It almost feels like cheating. But according to that post on Quora, that's exactly what the interviewers expect. Thinking out of the box and such.

This thing runs on my PC for 500 million elements in 31 seconds if the array is sorted and in 38 seconds if it's wiggle-sorted to begin with. This is slower than the median of medians solution (22 and 12 seconds), but this time it's true O(1) space.

Note that I moved the argument check to the beginning because the old variant was really bugged. And I fixed the binary search because I forgot to do the `mid + 1` / `mid - 1` part. That turned 15 ms into 18 ms for some reason, and if I put `while (true)` there then it raises the runtime to 20 ms. Figures. But at least it's not bugged now (I hope).
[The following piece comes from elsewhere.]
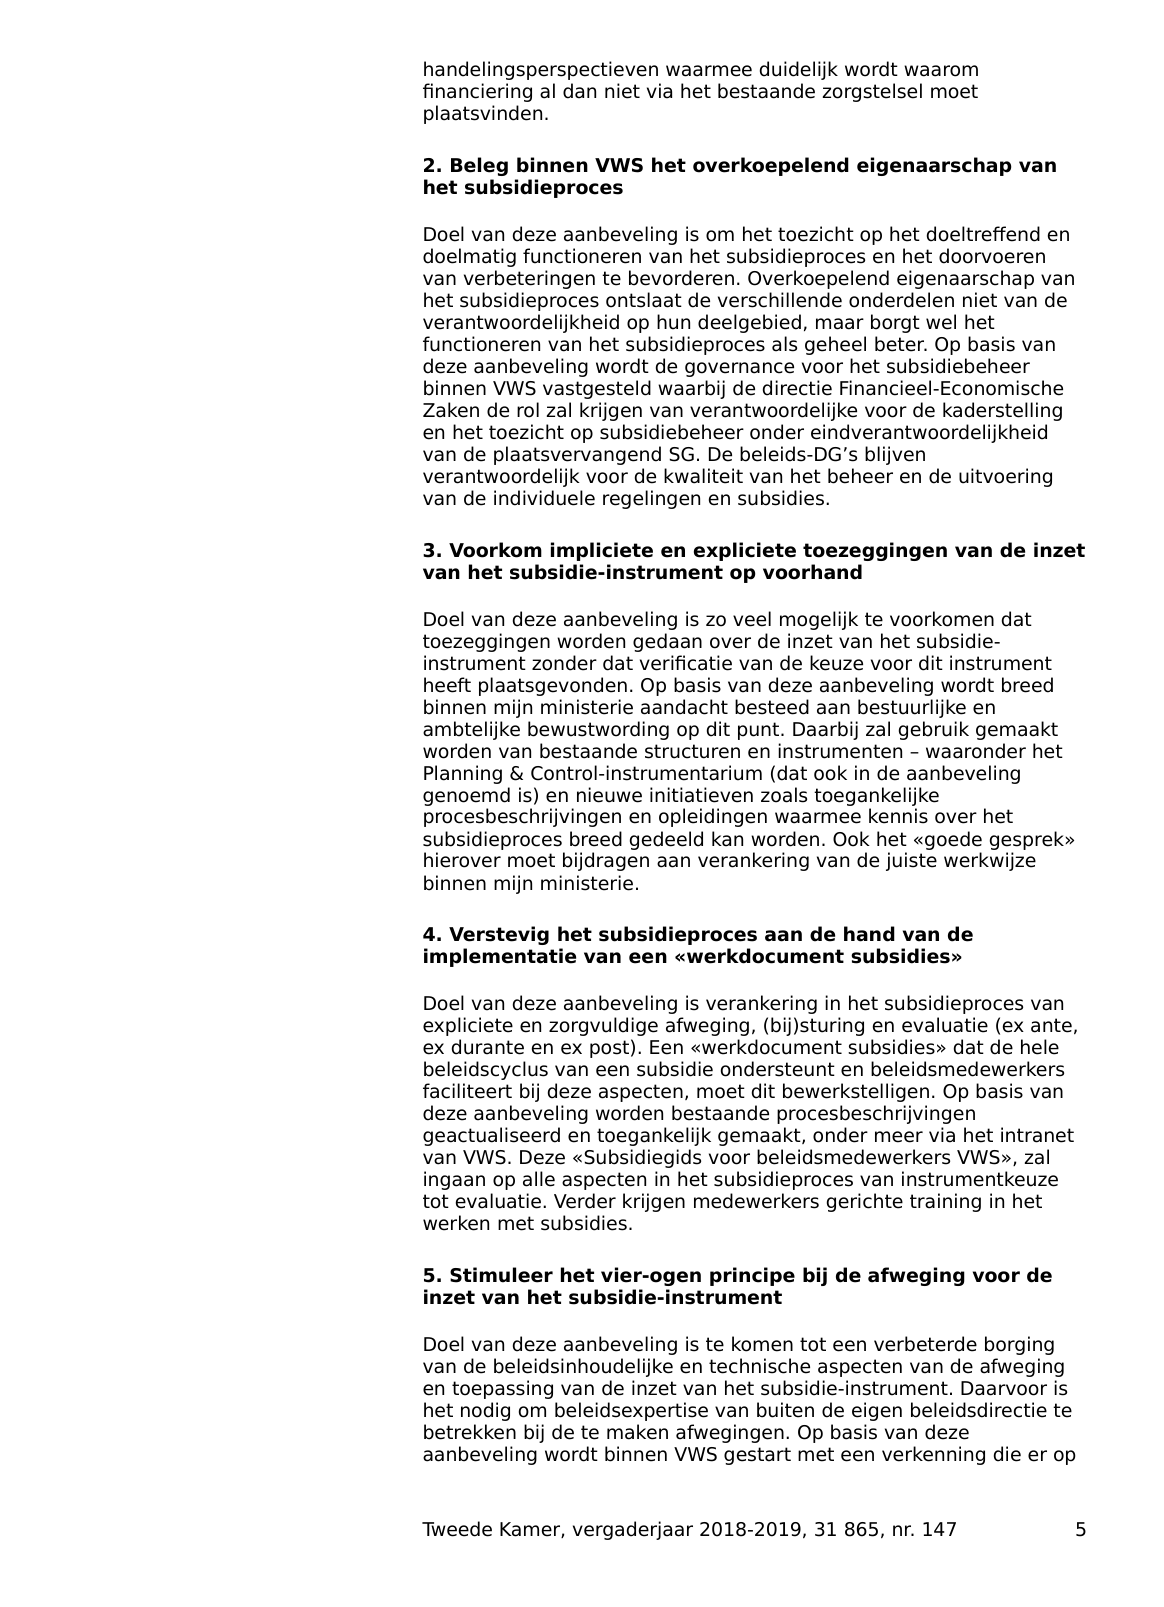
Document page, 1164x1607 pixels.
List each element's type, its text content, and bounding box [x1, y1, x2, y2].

Note that integer overflows aren't possible because if mid is either `INT_MIN` or `INT_MAX` then the respective condition for decreasing/increasing it would be false.
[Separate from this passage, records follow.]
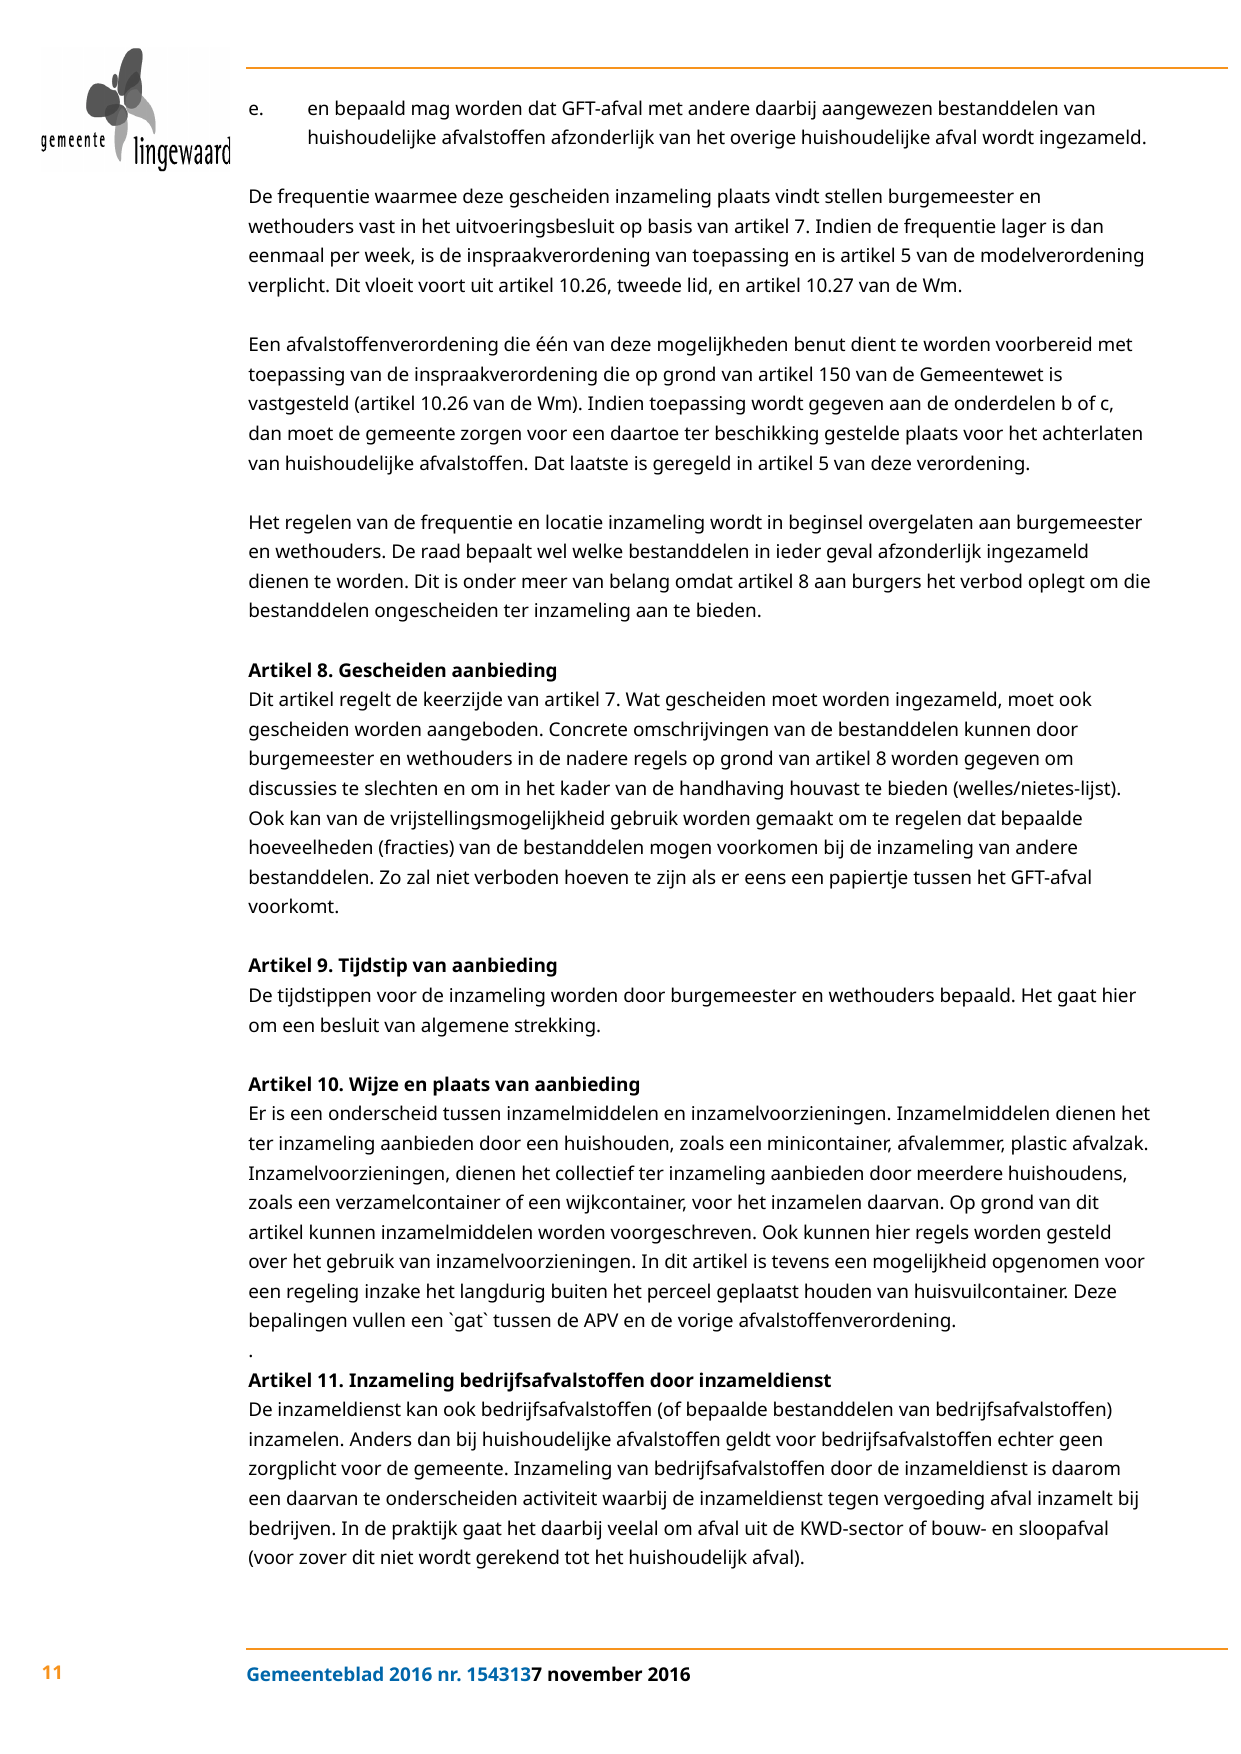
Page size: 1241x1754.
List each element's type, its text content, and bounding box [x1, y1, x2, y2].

text Er is een onderscheid tussen inzamelmiddelen en inzamelvoorzieningen. Inzamelmiddelen dienen het ter inzameling aanbieden door een huishouden, zoals een minicontainer, afvalemmer, plastic afvalzak. Inzamelvoorzieningen, dienen het collectief ter inzameling aanbieden door meerdere huishoudens, zoals een verzamelcontainer of een wijkcontainer, voor het inzamelen daarvan. Op grond van dit artikel kunnen inzamelmiddelen worden voorgeschreven. Ook kunnen hier regels worden gesteld over het gebruik van inzamelvoorzieningen. In dit artikel is tevens een mogelijkheid opgenomen voor een regeling inzake het langdurig buiten het perceel geplaatst houden van huisvuilcontainer. Deze bepalingen vullen een `gat` tussen de APV en de vorige afvalstoffenverordening. [248, 1101, 1152, 1333]
text Een afvalstoffenverordening die één van deze mogelijkheden benut dient te worden voorbereid met toepassing van de inspraakverordening die op grond van artikel 150 van de Gemeentewet is vastgesteld (artikel 10.26 van de Wm). Indien toepassing wordt gegeven aan de onderdelen b of c, dan moet de gemeente zorgen voor een daartoe ter beschikking gestelde plaats voor het achterlaten van huishoudelijke afvalstoffen. Dat laatste is geregeld in artikel 5 van deze verordening. [248, 331, 1152, 476]
text Het regelen van de frequentie en locatie inzameling wordt in beginsel overgelaten aan burgemeester en wethouders. De raad bepaalt wel welke bestanddelen in ieder geval afzonderlijk ingezameld dienen te worden. Dit is onder meer van belang omdat artikel 8 aan burgers het verbod oplegt om die bestanddelen ongescheiden ter inzameling aan te bieden. [248, 509, 1152, 623]
text Artikel 11. Inzameling bedrijfsafvalstoffen door inzameldienst [248, 1367, 1152, 1393]
text Artikel 8. Gescheiden aanbieding [248, 657, 1152, 683]
text De frequentie waarmee deze gescheiden inzameling plaats vindt stellen burgemeester en wethouders vast in het uitvoeringsbesluit op basis van artikel 7. Indien de frequentie lager is dan eenmaal per week, is de inspraakverordening van toepassing en is artikel 5 van de modelverordening verplicht. Dit vloeit voort uit artikel 10.26, tweede lid, en artikel 10.27 van de Wm. [248, 183, 1152, 298]
text Dit artikel regelt de keerzijde van artikel 7. Wat gescheiden moet worden ingezameld, moet ook gescheiden worden aangeboden. Concrete omschrijvingen van de bestanddelen kunnen door burgemeester en wethouders in de nadere regels op grond van artikel 8 worden gegeven om discussies te slechten en om in het kader van de handhaving houvast te bieden (welles/nietes-lijst). Ook kan van de vrijstellingsmogelijkheid gebruik worden gemaakt om te regelen dat bepaalde hoeveelheden (fracties) van de bestanddelen mogen voorkomen bij de inzameling van andere bestanddelen. Zo zal niet verboden hoeven te zijn als er eens een papiertje tussen het GFT-afval voorkomt. [248, 686, 1152, 919]
list en bepaald mag worden dat GFT-afval met andere daarbij aangewezen bestanddelen van huishoudelijke afvalstoffen afzonderlijk van het overige huishoudelijke afval wordt ingezameld. [248, 95, 1152, 150]
text De tijdstippen voor de inzameling worden door burgemeester en wethouders bepaald. Het gaat hier om een besluit van algemene strekking. [248, 982, 1152, 1038]
text Artikel 10. Wijze en plaats van aanbieding [248, 1071, 1152, 1097]
text . [248, 1337, 1152, 1363]
picture [41, 47, 231, 172]
text De inzameldienst kan ook bedrijfsafvalstoffen (of bepaalde bestanddelen van bedrijfsafvalstoffen) inzamelen. Anders dan bij huishoudelijke afvalstoffen geldt voor bedrijfsafvalstoffen echter geen zorgplicht voor de gemeente. Inzameling van bedrijfsafvalstoffen door de inzameldienst is daarom een daarvan te onderscheiden activiteit waarbij de inzameldienst tegen vergoeding afval inzamelt bij bedrijven. In de praktijk gaat het daarbij veelal om afval uit de KWD-sector of bouw- en sloopafval (voor zover dit niet wordt gerekend tot het huishoudelijk afval). [248, 1396, 1152, 1570]
text Artikel 9. Tijdstip van aanbieding [248, 953, 1152, 978]

As noted in the comment below, `mid = (left + right) / 2` may overflow, so it was replaced by that ugly, but overflow-aware line.

• Well... just like you can "sort in O(n)" with radix sort. That is, if you ignore the word size as a constant. But if you do that, then you can also consider any problem where the input is a single int to be solvable in O(1) time, because then there's only a finite number of possible inputs and you just take a worst input and have your constant that bounds all inputs. I can never really decide whether I like it.

Really truly in general it's O(wn), just like radix sort (see the box on the top-right). But I'll upvote it anyway, as it's a good and interesting solution and the "O(n)" is somewhat justified.

There's also at least one other LeetCode problem with a neat "O(n)" solution that's really "O(wn)". Do you want to know which problem I mean? I can tell, but you'd then have a spoiler for it already...

I btw also came across that quora answer a few days ago :-). It's good, especially the second half. But note that he clearly doesn't call it "true O(n)" but says "extra naughty assumption".

• Indeed, that's why I called it cheating. I thought about radix sort too, but then it wouldn't be O(1) space complexity now, would it?

• Hmm... Wikipedia talks about in-place implementations and does say "O(w + N)" space, where I suspect the w is meant in bits, so O(1) words. But I'm not sure.

• I see you changed the title to say "cheated"... not sure that's best, might just unnecessarily scare people off. I would've just removed the word "true", as I found that a bit misleading. Your call, of course :-)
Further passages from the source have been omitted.